For three long months the care professionals taught my mother to “breathe” when she felt the “Sun Downers Syndrome” begin. So many of the Elderly suffer from this panic attack as the “sun goes down” that this feeling even has a name. Her attacks were so disruptive that they asked me to hire a competent soul to sit with her for 3 hours a day.

April came and brought daffodils and my mother’s ninetieth birthday. A week later, the nurses were worried about her uneven breathing. (They could now notice her health since she was no longer yelling for the Press, the police, and a lawyer with which to sue everyone who was molesting her with bath water, nonalcoholic drinks, and other nefarious goings-on.)

The nurses were doing their best to persuade her to die….”Let go,” they all said, “just let go.” while she held onto the bedding (or anyone’s wrist) with white knuckles. And we tried (without success) to encourage her to see any of her late family and friends. Yes, her breathing was awful….so when I spoke to her that afternoon, I began to embed suggestions of being comfortable, and breathing easily, and feeling so very relaxed on this sunny afternoon. And as you know, it wasn’t long before her breathing changed into a rhythmic pattern. I still half-expected her to sit up in bed and cross her fingers and hiss…(well, you know only too well how childhood patterns hang in there!) And there she was in a full hypnotic trance with all its benefits. I truly don’t know what hit me…but I found myself saying “What a beautiful sunny day this is…oh look, here’s Chelsea jumping up on your bed!…oh goodness, how the sunlight makes her stripes shine.” (The therapist in me immediately weighed the benefits of a “Positive Hallucination”….I knew that my mother was psychic, and could probably “see” Chelsea. However, I couldn’t. But I really understand and use hallucinations. As all hypnotists know, “positive” ones are not about “good” things, they are simply about seeing something that isn’t there.)

And so I began my “patter”: “What a beautiful pussycat you are…how the sun makes your stripes sparkle…And your little white boots, how soft they are…Your whiskers are so handsome…” and all the other ridiculous things that one says to a pet….”Oh look,” I said to my mother as I began to include her in the hallucination, “her tail is all wiry…can you feel that? Can you feel her tail against your legs? What a handsome pussycat…..Oh look! (By this time, my mother who had daily unrelentingly turned her eyes away from me, turned her eyes to the “cat”) Chelsea wants to take you somewhere…I wonder where that is? You do feel her wiry tail on your legs, do you not?”
My mother’s eyes are fixed on the “cat”. My patter continues in the same vein for the next 2 or 3 minutes. Then I invite: “I wonder where she wants you to go?…Why don’t you go with her? You could find out where she is going! “

And my mother died, totally unafraid, as she followed the cat…..

Infertility

Thursday, July 29th, 2010

“Are past-lives metaphors or real?” she asks.
“Sometimes.”
“Sometimes which?”
“I really don’t know, but it usually works, doesn’t it?”
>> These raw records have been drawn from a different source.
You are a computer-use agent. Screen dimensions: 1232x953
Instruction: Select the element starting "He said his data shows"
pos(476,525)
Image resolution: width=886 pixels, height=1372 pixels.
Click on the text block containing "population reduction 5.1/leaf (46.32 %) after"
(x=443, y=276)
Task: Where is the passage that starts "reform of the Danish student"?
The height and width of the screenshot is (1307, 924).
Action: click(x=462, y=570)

My client is 46 and childless… also husbandless. She twinkles and says “And I’ll marry any man who can make me pregnant.”

It is Monday.

Fifteen minutes later, in a really light trance, she is walking in a field of an isolated European farm. The grasses are damp. This land is theirs. She is thinking about her one and only child, a son of 12. He is so strong and big for his age. Once at home she prepares a hot meal for him… with meat today. He is the man of this family.
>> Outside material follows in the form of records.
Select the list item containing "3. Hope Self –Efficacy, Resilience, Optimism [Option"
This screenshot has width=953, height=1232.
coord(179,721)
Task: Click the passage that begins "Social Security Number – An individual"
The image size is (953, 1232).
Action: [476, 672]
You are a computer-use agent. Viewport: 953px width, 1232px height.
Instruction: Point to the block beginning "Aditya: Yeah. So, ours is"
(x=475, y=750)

“Go to the most significant moment of that life,” I say while snapping my fingers(*) Her face crumples and sobs begin. The local army has swept down on the farm, destroying everything and taking her son.

“Go to a few moments before your death in that life…. what are you experiencing?”

She remembers how she waited and waited for his return; how the tears of loneliness never stopped. And in dying she says to herself “I’ll never have another child. This is too hard.”

“You could make a different decision, could you not?” I encourage.

Friday she phones me with the good news. Thomas is now 4 years old.